BURUNLARINDAN GELDİ • Zina davalarında kanıtlar yeterince gözden geçirilmiyor ve kararlar çok kolay alınıyor. Çünkü yargıçlar erkek. Zohreh ve Azar’ın bir erkekle cinsel ilişkiye girdiklerinin bir kanıtı yok. Sadece evde bir erkek olduğu ispat edilmiş. Ayrıca kanıt olsa ne olur. Kadının namusunu temizlemek devlete mi düşmüş. Bu durum, devletin din adına vatandaşların bireysel hayatına tecavüz etmesi değil midir. Tövbe Yarabbim, sanki penisi kürek çekmek, vajinayı ise çiçek dikmek için üzerimizde taşıyoruz. Bırakın insanlar doya doya sevişsin. İşin içinde zorlama, kandırmaca, taciz, manipülasyon, dayatmaca, korkutmaca, yaş sınırını ihlal ve teşhir olmadığı sürece cinsel hayatlarında insanların kiminle düşüp kalktıkları devletin üzerine vazife değil, mahallelinin üzerine de vazife değil, kimsenin üzerine vazife değil.

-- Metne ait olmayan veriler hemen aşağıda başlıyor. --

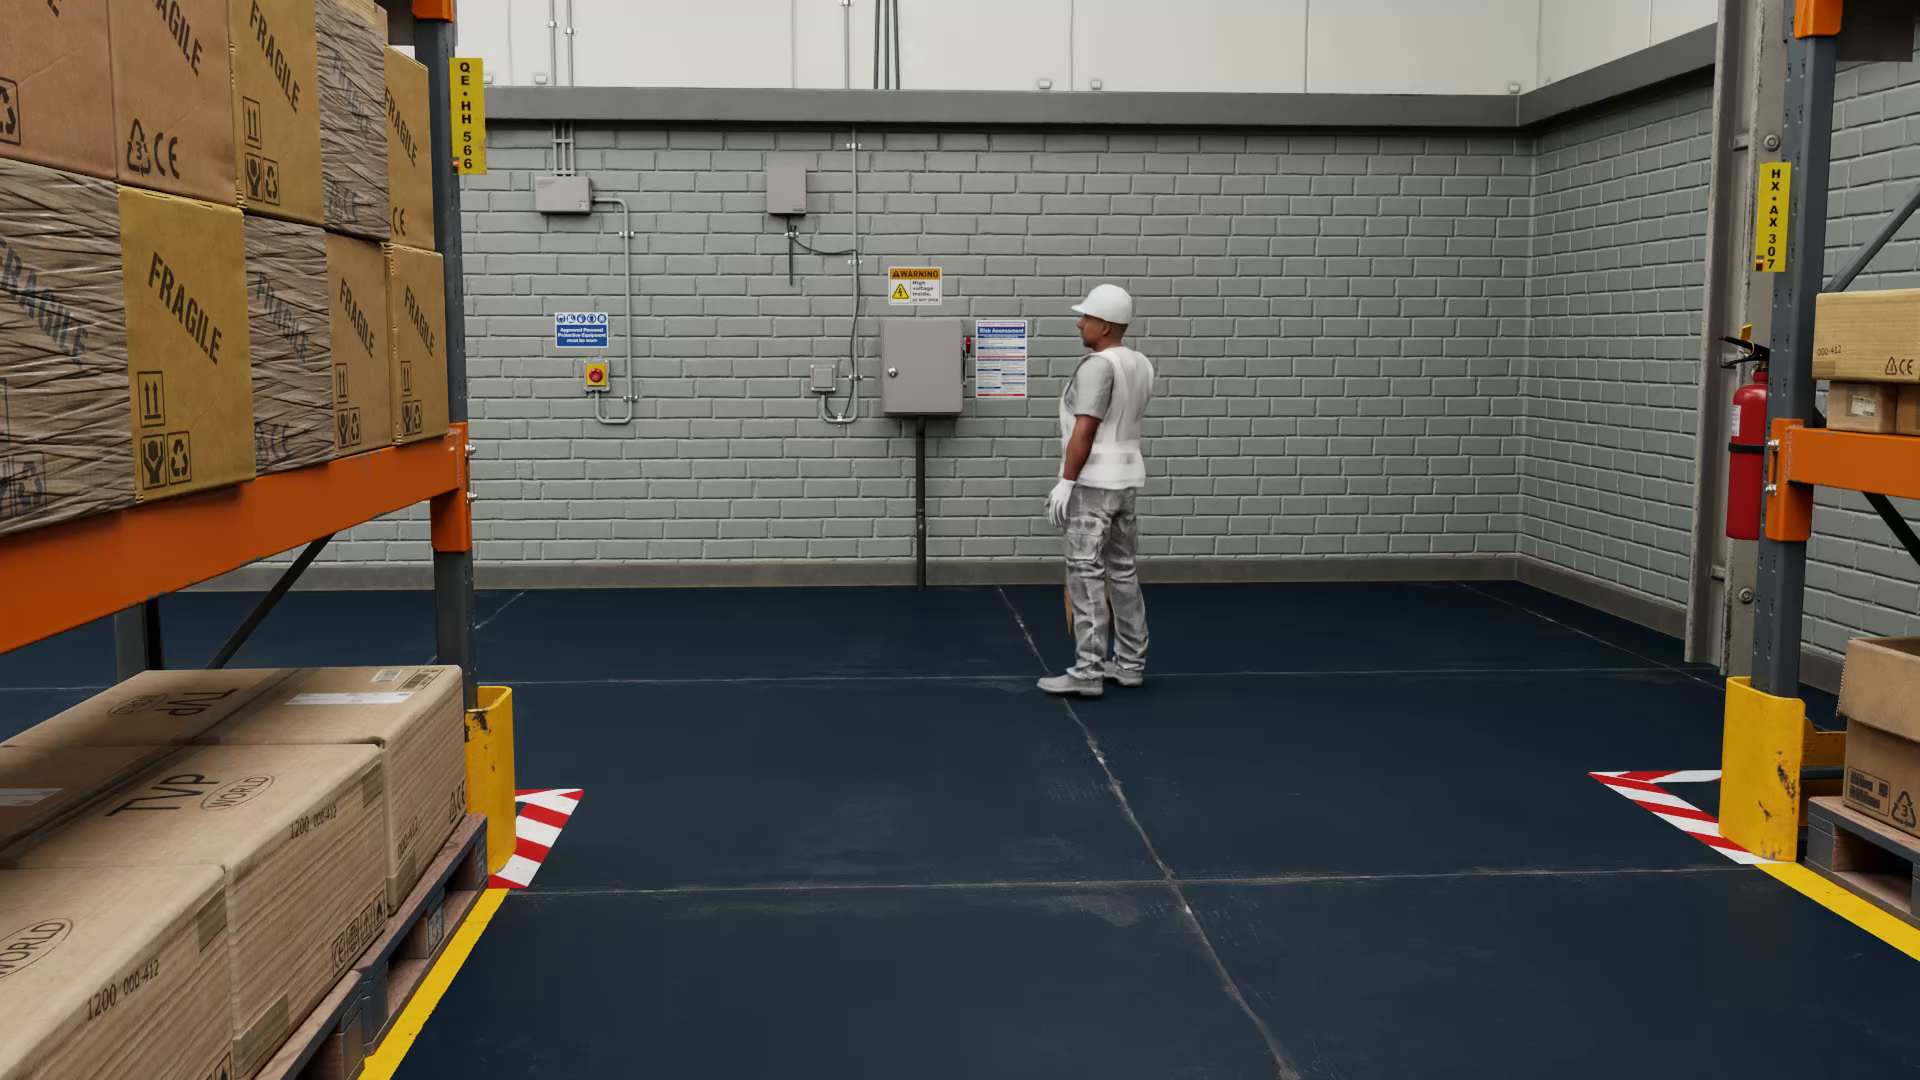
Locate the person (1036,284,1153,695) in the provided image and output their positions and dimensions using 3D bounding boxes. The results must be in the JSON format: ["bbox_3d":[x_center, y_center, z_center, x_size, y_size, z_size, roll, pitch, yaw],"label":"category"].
[{"bbox_3d":[0.601,-0.227,7.369,0.405,1.792,0.628,4,8,31],"label":"person"}]

HAYDİ, HAYAT KURTARMAYA • Şimdi siz okurlar, bu kız kardeşler için ne yapabilirsiniz? Bugün pek çok uluslararası sivil toplum kuruluşu İran’a bu insanlık dışı cezaların kaldırılması için baskı uyguluyor. Bu baskıyı siz de yapabilirsiniz. Hiç üşenmeyin, hemen, internette Zohreh ve Azar Kabiri için İngilizce yazılmış çağrı mektubunu bulup İranlı yetkililerinin mail adreslerine yollayın. Böylece sadece bu zavallı iki kız kardeşi değil, gelecekte idam edilmesi muhtemel kadınların da hayatını kurtarabilirsiniz. Haydi, hayat kurtarmaya.